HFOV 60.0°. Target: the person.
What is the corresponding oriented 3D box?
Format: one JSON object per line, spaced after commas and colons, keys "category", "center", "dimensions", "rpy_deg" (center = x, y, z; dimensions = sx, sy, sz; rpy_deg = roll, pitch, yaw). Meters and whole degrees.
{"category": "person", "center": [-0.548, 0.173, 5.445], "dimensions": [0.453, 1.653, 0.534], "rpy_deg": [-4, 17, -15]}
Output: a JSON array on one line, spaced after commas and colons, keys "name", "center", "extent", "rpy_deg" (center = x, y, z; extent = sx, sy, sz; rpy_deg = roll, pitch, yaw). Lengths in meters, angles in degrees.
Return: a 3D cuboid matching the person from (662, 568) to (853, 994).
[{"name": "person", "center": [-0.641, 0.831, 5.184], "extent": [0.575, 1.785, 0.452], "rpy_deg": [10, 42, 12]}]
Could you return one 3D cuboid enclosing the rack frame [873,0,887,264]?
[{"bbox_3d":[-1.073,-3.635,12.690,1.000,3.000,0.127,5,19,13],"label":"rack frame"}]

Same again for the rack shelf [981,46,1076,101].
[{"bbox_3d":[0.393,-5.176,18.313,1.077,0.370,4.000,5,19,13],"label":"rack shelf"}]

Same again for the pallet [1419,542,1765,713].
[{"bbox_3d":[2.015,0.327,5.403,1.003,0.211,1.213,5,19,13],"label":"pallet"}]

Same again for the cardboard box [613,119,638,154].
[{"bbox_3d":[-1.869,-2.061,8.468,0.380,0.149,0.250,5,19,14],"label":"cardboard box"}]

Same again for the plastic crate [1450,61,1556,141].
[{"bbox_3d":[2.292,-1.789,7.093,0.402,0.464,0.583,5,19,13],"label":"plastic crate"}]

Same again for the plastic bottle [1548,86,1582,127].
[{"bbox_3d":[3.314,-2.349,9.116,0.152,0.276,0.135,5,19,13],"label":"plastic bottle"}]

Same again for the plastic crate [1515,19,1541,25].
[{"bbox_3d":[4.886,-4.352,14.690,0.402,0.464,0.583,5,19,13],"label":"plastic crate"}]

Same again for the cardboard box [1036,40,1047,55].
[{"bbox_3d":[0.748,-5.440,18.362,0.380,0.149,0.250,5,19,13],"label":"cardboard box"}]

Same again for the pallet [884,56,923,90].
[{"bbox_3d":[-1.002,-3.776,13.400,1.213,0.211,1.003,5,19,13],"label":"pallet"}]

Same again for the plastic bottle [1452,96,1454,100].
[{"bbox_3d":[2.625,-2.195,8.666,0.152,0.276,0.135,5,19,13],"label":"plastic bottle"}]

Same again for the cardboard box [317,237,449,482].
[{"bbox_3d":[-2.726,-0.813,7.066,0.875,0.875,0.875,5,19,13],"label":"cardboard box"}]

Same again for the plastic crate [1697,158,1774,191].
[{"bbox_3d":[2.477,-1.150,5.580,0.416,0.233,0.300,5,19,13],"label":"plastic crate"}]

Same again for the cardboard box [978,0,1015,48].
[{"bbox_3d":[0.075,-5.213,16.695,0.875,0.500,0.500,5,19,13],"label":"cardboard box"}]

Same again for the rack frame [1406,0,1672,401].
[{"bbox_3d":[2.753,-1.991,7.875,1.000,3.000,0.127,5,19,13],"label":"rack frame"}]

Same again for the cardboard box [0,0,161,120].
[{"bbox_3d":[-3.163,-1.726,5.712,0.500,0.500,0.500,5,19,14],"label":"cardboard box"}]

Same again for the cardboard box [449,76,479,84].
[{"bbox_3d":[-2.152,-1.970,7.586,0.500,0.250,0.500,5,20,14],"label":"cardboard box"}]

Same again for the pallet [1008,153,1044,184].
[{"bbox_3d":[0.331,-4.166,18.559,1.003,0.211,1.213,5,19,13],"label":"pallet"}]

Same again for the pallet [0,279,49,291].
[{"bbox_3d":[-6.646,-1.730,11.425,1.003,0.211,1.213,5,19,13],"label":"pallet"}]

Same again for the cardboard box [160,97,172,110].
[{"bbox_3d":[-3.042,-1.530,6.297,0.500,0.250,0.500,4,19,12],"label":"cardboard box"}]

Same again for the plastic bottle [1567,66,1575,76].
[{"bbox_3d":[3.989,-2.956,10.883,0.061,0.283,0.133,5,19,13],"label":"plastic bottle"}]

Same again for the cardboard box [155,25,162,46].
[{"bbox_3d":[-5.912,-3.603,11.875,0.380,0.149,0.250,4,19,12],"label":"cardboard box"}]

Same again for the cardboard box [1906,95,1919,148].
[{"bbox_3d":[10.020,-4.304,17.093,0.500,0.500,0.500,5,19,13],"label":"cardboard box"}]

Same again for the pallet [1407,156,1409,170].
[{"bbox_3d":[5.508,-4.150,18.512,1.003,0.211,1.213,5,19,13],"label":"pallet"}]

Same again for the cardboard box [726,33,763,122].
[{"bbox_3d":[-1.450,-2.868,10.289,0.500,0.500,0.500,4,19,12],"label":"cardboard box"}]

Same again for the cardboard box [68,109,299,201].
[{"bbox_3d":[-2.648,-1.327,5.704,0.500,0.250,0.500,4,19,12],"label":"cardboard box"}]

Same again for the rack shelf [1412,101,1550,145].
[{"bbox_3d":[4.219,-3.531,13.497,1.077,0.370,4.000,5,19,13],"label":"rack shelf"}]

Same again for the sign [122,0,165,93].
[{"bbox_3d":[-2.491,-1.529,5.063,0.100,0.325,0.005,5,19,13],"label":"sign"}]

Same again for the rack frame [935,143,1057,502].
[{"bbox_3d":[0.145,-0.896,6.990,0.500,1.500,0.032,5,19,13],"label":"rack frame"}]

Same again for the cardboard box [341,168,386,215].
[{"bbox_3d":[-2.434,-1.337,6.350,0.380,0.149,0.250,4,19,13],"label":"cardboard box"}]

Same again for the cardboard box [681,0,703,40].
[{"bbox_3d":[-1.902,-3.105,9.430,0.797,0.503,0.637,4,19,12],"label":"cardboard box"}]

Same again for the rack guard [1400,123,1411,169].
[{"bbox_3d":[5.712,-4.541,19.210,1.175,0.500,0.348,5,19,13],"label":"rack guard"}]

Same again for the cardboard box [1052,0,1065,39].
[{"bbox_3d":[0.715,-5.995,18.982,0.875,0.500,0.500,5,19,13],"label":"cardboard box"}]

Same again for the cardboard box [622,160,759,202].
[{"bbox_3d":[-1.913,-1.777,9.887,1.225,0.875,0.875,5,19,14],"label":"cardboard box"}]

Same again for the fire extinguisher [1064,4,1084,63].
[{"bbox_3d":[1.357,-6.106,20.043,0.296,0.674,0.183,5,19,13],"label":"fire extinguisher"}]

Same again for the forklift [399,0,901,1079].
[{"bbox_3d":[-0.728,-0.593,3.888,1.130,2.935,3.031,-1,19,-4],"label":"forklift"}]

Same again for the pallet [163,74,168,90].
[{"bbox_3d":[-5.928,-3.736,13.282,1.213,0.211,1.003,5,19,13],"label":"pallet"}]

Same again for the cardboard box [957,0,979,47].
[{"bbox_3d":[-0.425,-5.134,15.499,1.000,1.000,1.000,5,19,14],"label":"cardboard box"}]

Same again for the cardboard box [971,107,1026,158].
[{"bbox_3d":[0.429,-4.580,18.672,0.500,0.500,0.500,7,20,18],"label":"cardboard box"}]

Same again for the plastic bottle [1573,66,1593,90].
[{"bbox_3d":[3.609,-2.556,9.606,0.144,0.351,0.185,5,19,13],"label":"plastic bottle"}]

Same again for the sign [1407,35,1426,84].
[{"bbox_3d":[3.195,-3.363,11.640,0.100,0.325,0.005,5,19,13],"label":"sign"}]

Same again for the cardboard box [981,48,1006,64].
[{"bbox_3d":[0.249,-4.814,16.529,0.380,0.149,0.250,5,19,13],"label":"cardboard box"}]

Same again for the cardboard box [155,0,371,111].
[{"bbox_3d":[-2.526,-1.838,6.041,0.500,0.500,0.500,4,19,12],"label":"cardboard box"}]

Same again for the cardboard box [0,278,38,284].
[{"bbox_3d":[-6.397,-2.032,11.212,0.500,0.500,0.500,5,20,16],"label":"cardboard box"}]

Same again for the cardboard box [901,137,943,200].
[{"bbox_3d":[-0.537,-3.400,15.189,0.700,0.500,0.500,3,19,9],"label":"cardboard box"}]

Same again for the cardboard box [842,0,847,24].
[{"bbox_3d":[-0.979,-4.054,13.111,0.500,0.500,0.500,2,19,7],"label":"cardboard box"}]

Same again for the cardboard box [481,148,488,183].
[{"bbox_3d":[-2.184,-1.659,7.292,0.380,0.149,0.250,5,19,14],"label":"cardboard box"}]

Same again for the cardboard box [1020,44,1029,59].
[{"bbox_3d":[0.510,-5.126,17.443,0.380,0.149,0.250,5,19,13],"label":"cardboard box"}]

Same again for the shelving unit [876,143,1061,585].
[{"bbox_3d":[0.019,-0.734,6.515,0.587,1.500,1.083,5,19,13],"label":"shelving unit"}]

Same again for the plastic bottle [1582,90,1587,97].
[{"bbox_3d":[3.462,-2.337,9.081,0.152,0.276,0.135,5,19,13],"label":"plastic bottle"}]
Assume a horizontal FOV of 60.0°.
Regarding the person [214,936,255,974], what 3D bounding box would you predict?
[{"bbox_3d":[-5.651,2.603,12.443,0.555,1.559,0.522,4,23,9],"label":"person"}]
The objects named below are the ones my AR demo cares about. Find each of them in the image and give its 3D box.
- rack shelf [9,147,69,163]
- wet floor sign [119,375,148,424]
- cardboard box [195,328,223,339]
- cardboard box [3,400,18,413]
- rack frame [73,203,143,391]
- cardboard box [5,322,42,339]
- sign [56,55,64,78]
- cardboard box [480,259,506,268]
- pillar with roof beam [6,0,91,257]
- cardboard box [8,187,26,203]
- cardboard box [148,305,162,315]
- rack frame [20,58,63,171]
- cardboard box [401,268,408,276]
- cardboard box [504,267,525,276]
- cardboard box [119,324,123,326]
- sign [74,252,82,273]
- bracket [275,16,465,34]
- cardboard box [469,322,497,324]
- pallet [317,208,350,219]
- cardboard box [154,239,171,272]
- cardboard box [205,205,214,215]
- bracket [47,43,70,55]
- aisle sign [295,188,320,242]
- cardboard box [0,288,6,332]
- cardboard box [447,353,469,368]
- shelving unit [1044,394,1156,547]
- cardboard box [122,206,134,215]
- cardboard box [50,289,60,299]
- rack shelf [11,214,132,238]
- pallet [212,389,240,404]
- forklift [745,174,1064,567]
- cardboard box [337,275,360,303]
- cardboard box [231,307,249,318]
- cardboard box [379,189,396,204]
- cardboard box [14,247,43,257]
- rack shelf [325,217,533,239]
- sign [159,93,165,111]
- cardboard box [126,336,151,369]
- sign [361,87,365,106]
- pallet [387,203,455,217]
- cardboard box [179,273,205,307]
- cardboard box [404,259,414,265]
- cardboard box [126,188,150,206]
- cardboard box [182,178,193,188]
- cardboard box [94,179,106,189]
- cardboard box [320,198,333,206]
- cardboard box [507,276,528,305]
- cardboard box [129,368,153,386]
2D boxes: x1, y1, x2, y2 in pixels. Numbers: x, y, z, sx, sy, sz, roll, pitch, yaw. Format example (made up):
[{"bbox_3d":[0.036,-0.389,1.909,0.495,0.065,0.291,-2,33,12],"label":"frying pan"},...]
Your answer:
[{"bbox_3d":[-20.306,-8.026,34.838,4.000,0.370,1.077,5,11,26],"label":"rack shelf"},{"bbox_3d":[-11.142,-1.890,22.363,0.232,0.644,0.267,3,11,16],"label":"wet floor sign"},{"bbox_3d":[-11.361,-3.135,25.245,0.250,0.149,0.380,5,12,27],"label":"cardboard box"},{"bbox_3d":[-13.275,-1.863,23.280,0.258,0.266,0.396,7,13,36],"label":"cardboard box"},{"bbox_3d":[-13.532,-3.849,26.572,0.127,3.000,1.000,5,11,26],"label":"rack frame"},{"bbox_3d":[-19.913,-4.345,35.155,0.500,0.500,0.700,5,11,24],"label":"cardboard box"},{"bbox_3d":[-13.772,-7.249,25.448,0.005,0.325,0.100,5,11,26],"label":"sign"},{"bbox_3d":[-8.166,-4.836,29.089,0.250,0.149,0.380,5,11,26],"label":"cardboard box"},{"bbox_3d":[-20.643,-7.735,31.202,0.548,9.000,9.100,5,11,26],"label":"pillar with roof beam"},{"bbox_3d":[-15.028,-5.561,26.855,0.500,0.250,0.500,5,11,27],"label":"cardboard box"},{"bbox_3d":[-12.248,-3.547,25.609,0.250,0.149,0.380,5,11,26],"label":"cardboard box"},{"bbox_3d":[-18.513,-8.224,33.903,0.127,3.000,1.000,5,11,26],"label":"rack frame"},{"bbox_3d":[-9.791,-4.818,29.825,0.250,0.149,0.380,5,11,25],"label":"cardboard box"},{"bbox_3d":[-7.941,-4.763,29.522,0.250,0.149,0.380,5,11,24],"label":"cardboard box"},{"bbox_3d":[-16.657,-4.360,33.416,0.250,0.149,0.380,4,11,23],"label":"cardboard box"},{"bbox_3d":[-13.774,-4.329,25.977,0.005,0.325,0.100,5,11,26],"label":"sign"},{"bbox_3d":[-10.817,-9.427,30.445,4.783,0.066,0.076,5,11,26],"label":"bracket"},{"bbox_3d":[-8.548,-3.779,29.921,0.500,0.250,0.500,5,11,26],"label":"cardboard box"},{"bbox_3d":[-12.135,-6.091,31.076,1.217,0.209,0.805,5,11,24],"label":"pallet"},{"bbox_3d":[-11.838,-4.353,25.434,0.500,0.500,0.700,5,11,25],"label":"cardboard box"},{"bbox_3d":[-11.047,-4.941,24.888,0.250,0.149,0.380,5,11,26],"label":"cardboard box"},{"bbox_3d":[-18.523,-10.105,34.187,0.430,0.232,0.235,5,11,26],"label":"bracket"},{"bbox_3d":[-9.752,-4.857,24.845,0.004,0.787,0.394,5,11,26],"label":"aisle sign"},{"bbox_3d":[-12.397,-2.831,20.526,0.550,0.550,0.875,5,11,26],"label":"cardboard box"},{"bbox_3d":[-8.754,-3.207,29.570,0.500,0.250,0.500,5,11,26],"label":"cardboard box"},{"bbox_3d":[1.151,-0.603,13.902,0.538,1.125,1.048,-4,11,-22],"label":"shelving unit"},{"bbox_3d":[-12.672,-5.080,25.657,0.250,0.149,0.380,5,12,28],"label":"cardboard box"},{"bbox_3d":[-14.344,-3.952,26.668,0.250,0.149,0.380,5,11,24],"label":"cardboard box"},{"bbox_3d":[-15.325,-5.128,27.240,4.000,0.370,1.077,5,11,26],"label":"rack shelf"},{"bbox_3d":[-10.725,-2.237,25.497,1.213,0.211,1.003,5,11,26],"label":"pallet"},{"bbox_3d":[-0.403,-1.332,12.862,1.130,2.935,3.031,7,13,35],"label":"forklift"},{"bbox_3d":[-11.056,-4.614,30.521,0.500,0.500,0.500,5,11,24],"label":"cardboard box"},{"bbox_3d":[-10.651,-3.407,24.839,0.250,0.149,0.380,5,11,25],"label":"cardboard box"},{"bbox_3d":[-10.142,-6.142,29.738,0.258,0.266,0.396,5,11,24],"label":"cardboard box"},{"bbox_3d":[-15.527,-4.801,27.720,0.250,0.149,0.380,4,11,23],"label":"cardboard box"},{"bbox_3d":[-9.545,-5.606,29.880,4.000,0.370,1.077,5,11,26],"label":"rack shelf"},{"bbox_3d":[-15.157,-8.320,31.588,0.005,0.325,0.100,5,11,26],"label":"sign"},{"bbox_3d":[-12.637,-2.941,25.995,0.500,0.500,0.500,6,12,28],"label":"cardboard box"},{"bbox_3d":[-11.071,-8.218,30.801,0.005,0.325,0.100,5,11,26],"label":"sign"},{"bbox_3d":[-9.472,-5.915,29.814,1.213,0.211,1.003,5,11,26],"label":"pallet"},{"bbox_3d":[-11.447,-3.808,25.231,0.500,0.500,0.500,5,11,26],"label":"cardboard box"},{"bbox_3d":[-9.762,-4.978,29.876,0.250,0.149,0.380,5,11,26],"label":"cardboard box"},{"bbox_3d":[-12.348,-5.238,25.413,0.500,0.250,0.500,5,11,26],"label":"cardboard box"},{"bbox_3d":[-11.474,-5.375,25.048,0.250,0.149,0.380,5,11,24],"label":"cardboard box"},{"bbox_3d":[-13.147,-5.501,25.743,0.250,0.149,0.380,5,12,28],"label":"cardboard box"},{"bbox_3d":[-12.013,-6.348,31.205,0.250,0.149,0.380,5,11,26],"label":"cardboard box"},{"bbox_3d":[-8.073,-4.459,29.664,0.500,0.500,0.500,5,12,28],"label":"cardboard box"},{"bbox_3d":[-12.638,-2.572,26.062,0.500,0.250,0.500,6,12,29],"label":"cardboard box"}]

---+---

Everything above from the line containing "Same again for the cardboard box [155,0,371,111]." down to the line containing "- rack frame [73,203,143,391]" should be copied exactly, both end lines included, and nothing else.

Answer below:
Same again for the cardboard box [155,0,371,111].
[{"bbox_3d":[-2.526,-1.838,6.041,0.500,0.500,0.500,4,19,12],"label":"cardboard box"}]

Same again for the cardboard box [0,278,38,284].
[{"bbox_3d":[-6.397,-2.032,11.212,0.500,0.500,0.500,5,20,16],"label":"cardboard box"}]

Same again for the cardboard box [901,137,943,200].
[{"bbox_3d":[-0.537,-3.400,15.189,0.700,0.500,0.500,3,19,9],"label":"cardboard box"}]

Same again for the cardboard box [842,0,847,24].
[{"bbox_3d":[-0.979,-4.054,13.111,0.500,0.500,0.500,2,19,7],"label":"cardboard box"}]

Same again for the cardboard box [481,148,488,183].
[{"bbox_3d":[-2.184,-1.659,7.292,0.380,0.149,0.250,5,19,14],"label":"cardboard box"}]

Same again for the cardboard box [1020,44,1029,59].
[{"bbox_3d":[0.510,-5.126,17.443,0.380,0.149,0.250,5,19,13],"label":"cardboard box"}]

Same again for the shelving unit [876,143,1061,585].
[{"bbox_3d":[0.019,-0.734,6.515,0.587,1.500,1.083,5,19,13],"label":"shelving unit"}]

Same again for the plastic bottle [1582,90,1587,97].
[{"bbox_3d":[3.462,-2.337,9.081,0.152,0.276,0.135,5,19,13],"label":"plastic bottle"}]
Assume a horizontal FOV of 60.0°.
Regarding the person [214,936,255,974], what 3D bounding box would you predict?
[{"bbox_3d":[-5.651,2.603,12.443,0.555,1.559,0.522,4,23,9],"label":"person"}]
The objects named below are the ones my AR demo cares about. Find each of them in the image and give its 3D box.
- rack shelf [9,147,69,163]
- wet floor sign [119,375,148,424]
- cardboard box [195,328,223,339]
- cardboard box [3,400,18,413]
- rack frame [73,203,143,391]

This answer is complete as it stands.